Le coaching professionnel en plein essor

Lié au milieu du sport jusque dans les années quatre-vingt, le coaching – ou mentorat, en français – a connu une petite révolution au cours des trente dernières années, s’étendant à de multiples domaines tels que la gestion et la finance. Au Liban, les entreprises semblent suivre la dynamique.

M. Samir Zehil.

Importé d’Amérique du Nord, le terme coaching reste aujourd’hui encore ce que l’on nomme communément un mot valise. « On y regroupe plusieurs types de pratiques : du coaching dans le milieu du sport, dans le monde de la finance, en termes de développement personnel », précise Samir Élias Zehil, coach en entreprise basé à Beyrouth. La Fédération internationale de coaching, première association internationale de coachs professionnels, définit cette pratique comme « une relation suivie dans une période définie qui permet au client d’obtenir des résultats concrets et mesurables dans sa vie professionnelle et personnelle. À travers le processus de coaching, le client approfondit ses connaissances et améliore ses performances. » Amalgame de plusieurs piliers théoriques, tels que la psychologie, la philosophie ou le management, le coaching en entreprise fait peu à peu son trou au pays du Cèdre.

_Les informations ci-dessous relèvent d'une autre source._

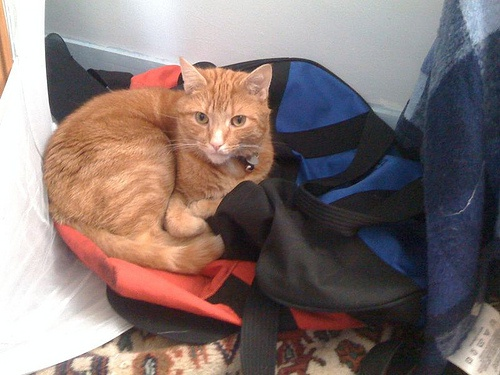Describe the objects in this image and their specific colors. I can see backpack in tan, black, navy, and darkblue tones and cat in tan and salmon tones in this image. 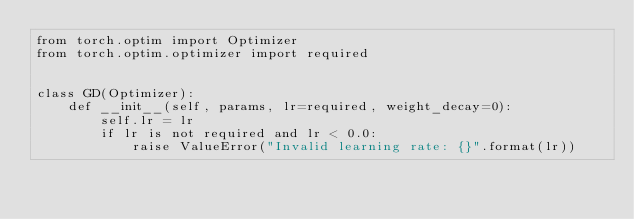Convert code to text. <code><loc_0><loc_0><loc_500><loc_500><_Python_>from torch.optim import Optimizer
from torch.optim.optimizer import required


class GD(Optimizer):
    def __init__(self, params, lr=required, weight_decay=0):
        self.lr = lr
        if lr is not required and lr < 0.0:
            raise ValueError("Invalid learning rate: {}".format(lr))</code> 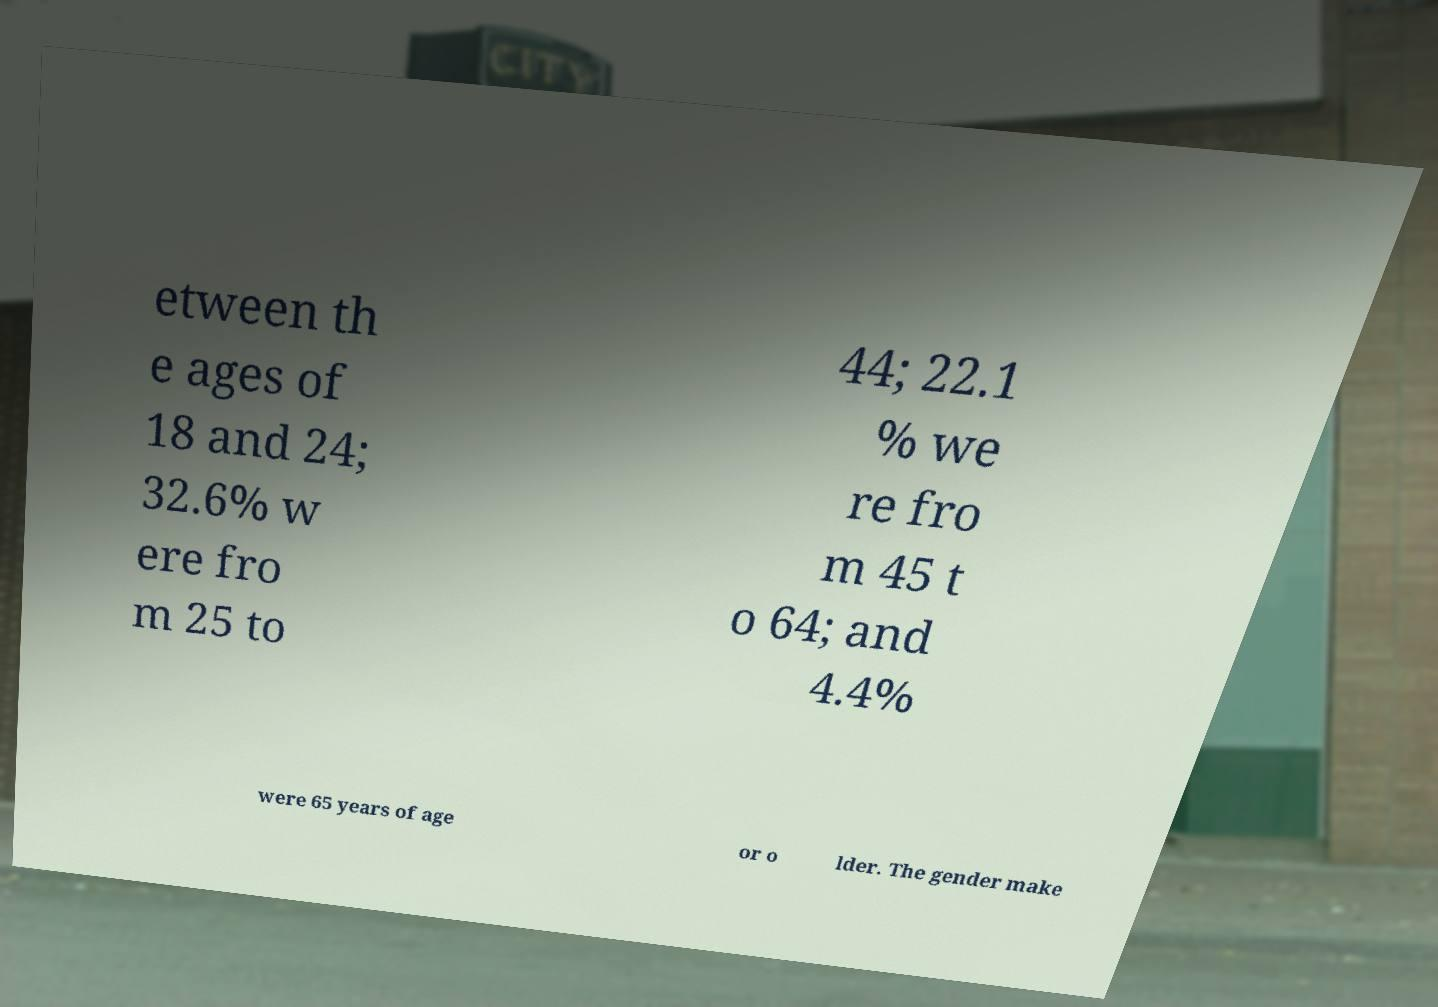Can you accurately transcribe the text from the provided image for me? etween th e ages of 18 and 24; 32.6% w ere fro m 25 to 44; 22.1 % we re fro m 45 t o 64; and 4.4% were 65 years of age or o lder. The gender make

« L’important est de vouloir changer soi-même »
À dissocier du training, par lequel le bénéficiaire de la formation reçoit directement du consultant les outils nécessaires pour agir, le coaching base son action sur la collaboration étroite entre le coach et son client pour que ce dernier « trouve lui-même les outils pour parvenir à évoluer, en utilisant des compétences qui lui sont propres. C’est la personne demandeuse qui doit faire émerger les solutions », soutient Roula Saba-Mouhanna, coach depuis près de six ans. Dans le milieu, les professionnels appellent cela les arts maïeutiques, théorisés par Aristote. Soit l’art d’accoucher les esprits : on ne dit pas à une personne ce qu’elle ne sait pas, mais on lui révèle ce qu’elle sait déjà.
Souvent d’anciens cadres d’entreprise eux-mêmes, les coachs s’inspirent de leur expérience passée pour faciliter le dialogue avec les cadres et employés d’une entreprise. En raison du flou qui entoure encore la profession et de la difficulté à harmoniser une formation qui doit être validée en dehors du pays faute de diplôme d’État, le métier commence tout juste à s’organiser au Liban. Roula Saba-Mouhanna, membre de l’Association des coachs libanais, souligne sur ce plan qu’ « il y a une abondance de professionnels dans le pays, mais il manquait une structure les réunissant tous. Régulièrement, j’apprends l’existence de nouveaux coachs libanais. »
Ceux-ci évoquent la mentalité d’entreprise longtemps spécifique au Liban, marquée par la volonté de régler les problèmes de l’entreprise en son sein, sans faire appel à une aide extérieure. « Ils disent parfois qu’ils ont besoin de consultants, pas de coachs. Dans certaines entreprises, on insiste sur le capital matériel et pas assez sur le capital humain. » Ainsi, à Mozart Chahine, l’entreprise spécialisée dans la vente d’instruments musicaux, les employés suivent des séances de coaching tous les ans. Le vendeur de la boutique située à Achrafieh explique que « ces séances servent à apprendre à gérer les situations de stress au travail, les clients difficiles. Ensuite, nous travaillons individuellement ces acquis tout au long de l’année ». C’est l’entreprise qui finance ces séances de coaching aux salariés, et qui conseille fortement d’y assister.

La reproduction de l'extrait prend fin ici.